Claudia Zilla, Lateinamerika-Expertin der Stiftung Wissenschaft und Politik in Berlin. Chiles neuer Präsident Salvador Allende vertrat einen demokratischen Weg zum Sozialismus. Die USA betrachteten ihn – gut ein Jahrzehnt nach der Machtübernahme Fidel Castros auf Kuba – als Bedrohung in ihrem Hinterhof.


"Es ging darum, zu verhindern, dass Lateinamerika rot wird. Mittlerweile haben auch Primärquellen das bestätigt, dass die USA sich aktiv dafür eingesetzt haben, die Wahl Allendes zu verhindern. Durch nordamerikanische Unternehmen vor Ort, aber auch durch Aktionen der CIA."

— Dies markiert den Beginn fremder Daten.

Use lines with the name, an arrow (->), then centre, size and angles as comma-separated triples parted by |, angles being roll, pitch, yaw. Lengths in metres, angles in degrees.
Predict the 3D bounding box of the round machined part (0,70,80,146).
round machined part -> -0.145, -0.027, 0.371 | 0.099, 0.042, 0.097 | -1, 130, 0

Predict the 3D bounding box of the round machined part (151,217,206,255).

"Allende plantea que quiere hacer un socialismo a la chilena. Con empanadas y vino tinto.”"

Allende wollte einen Sozialismus mit Rotwein und Empanadas, den traditionellen Fleischtaschen, das heißt, einen volksnahen Sozialismus – erinnert sich der chilenische Wirtschaftswissenschaftler José Salvador.

""Alle Chilenen sollten Zugang zu Bildung und zur Gesundheitsversorgung haben. Die Einkommen sollten gerechter verteilt werden, und die Arbeiter ein stärkeres Mitspracherecht in den Unternehmensführungen bekommen. Um all das zu erreichen, waren strukturelle Veränderungen notwendig."

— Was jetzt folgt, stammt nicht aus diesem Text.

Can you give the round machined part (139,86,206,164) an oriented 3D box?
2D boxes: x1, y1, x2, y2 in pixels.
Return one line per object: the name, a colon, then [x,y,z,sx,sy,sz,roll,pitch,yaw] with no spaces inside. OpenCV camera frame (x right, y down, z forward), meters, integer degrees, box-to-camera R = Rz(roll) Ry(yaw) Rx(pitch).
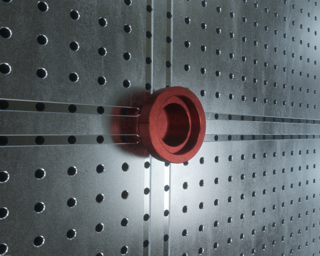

Die wichtigste der Reformen Salvador Allendes: die Verstaatlichung des lukrativen Kupferbergbaus, der bis dahin vor allem in US-amerikanischer Hand gewesen war.

"Mit dieser Verfassungsreform gehen die Kupferminen in nationales Eigentum über. Und die Bodenschätze unseres Landes werden für den Staat bewahrt."

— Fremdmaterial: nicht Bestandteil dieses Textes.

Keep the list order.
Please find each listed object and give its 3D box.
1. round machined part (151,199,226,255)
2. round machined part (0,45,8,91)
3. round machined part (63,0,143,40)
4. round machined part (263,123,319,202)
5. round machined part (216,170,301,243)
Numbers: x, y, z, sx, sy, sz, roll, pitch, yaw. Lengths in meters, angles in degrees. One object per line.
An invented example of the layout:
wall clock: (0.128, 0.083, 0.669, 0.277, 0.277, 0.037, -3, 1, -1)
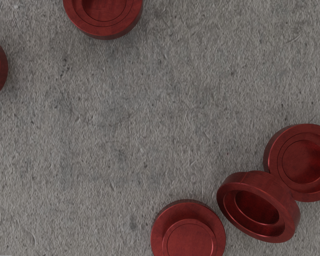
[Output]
round machined part: (0.037, 0.145, 0.402, 0.099, 0.042, 0.097, 0, 90, 0)
round machined part: (-0.245, -0.077, 0.399, 0.099, 0.042, 0.097, 0, 90, 0)
round machined part: (-0.071, -0.162, 0.401, 0.099, 0.042, 0.097, 0, 90, 0)
round machined part: (0.183, 0.043, 0.403, 0.099, 0.042, 0.097, 0, 90, 0)
round machined part: (0.124, 0.091, 0.384, 0.098, 0.098, 0.042, 47, 54, 0)

erklärte der chilenische Präsident 1971. Bis heute ist die Kupferindustrie Chiles wichtigste Einnahmequelle. Im Parlament stimmten alle Parteien der von Allende betriebenen Verstaatlichung zu. Es war eine der wenigen politischen Maßnahmen, bei denen der Sozialist Konsens erzielte. Nachdem das erste Amtsjahr 1971 für ihn weitgehend positiv verlaufen war, rutschten Allende und die Unidad Popular in die Krise. Claudia Zilla:

"Es gab Maßnahmen, wie zum Beispiel Landübernahmen, die eher gewalttätig gelaufen waren, und die zugelassen wurden. Oder die Legalisierung von Gruppen, die an gewalttätigen Aktionen teilgenommen hatten. Das heißt, es wurde der demokratische Weg zum Sozialismus vertreten, gleichzeitig aber gab es Aktionen, die dem widersprachen. Und die Nationalisierungen waren nicht immer mit einer finanziellen Entschädigung begleitet."

Die Polarisierung zwischen links und rechts nahm immer weiter zu. Seine Regierung verlor die Unterstützung der Christdemokraten, die Mittelschicht wandte sich ab. Das lag auch an den wirtschaftlichen Problemen: Streiks, Versorgungsengpässe und Inflation. Die Bestrebungen der chilenischen Rechten, Allendes Regierung zu destabilisieren, wurden von den USA unterstützt. Oppositionsmedien und Streitkräfte erhielten Geld aus Washington. Nach den Worten des damaligen Außenministers Henry Kissinger schuf seine Regierung "die größtmöglichen Voraussetzungen für einen Putsch in Chile”. Im August 1973 wurde Augusto Pinochet Heeres-Chef. Knapp drei Wochen später ergriffen die Militärs die Macht. Am 11. September bombardierten sie den Regierungspalast Moneda. Bevor Präsident Allende dort starb – ob durch Selbstmord oder Mord ist nicht zweifelsfrei geklärt – richtete er eine letzte Radiobotschaft an die Chilenen:

"Ich werde nicht zurücktreten. Ich werde die Treue des Volkes mit meinem Leben bezahlen. Die Geschichte ist unser, sie wird von den Völkern geschrieben."